(Data items)
▼▼▼

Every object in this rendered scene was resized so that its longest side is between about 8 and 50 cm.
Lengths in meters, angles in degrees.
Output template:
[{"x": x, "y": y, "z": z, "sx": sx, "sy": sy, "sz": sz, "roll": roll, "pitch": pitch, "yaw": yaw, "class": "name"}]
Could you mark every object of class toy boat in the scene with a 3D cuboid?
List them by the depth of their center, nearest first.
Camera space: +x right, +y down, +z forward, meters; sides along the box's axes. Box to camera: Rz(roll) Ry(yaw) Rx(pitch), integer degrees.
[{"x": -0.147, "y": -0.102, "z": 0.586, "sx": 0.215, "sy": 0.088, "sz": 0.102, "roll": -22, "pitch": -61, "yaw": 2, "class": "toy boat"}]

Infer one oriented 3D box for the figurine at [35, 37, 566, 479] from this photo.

▲▲▲

EXERCISE PROMPT — Please return all of the entries exactly as they were given.

RESULT OF THIS TASK —
Every object in this rendered scene was resized so that its longest side is between about 8 and 50 cm.
Lengths in meters, angles in degrees.
Output template:
[{"x": x, "y": y, "z": z, "sx": sx, "sy": sy, "sz": sz, "roll": roll, "pitch": pitch, "yaw": yaw, "class": "name"}]
Could you mark every object of class toy boat in the scene with a 3D cuboid?
List them by the depth of their center, nearest first.
Camera space: +x right, +y down, +z forward, meters; sides along the box's axes. Box to camera: Rz(roll) Ry(yaw) Rx(pitch), integer degrees.
[{"x": -0.147, "y": -0.102, "z": 0.586, "sx": 0.215, "sy": 0.088, "sz": 0.102, "roll": -22, "pitch": -61, "yaw": 2, "class": "toy boat"}]

Infer one oriented 3D box for the figurine at [35, 37, 566, 479] from this photo.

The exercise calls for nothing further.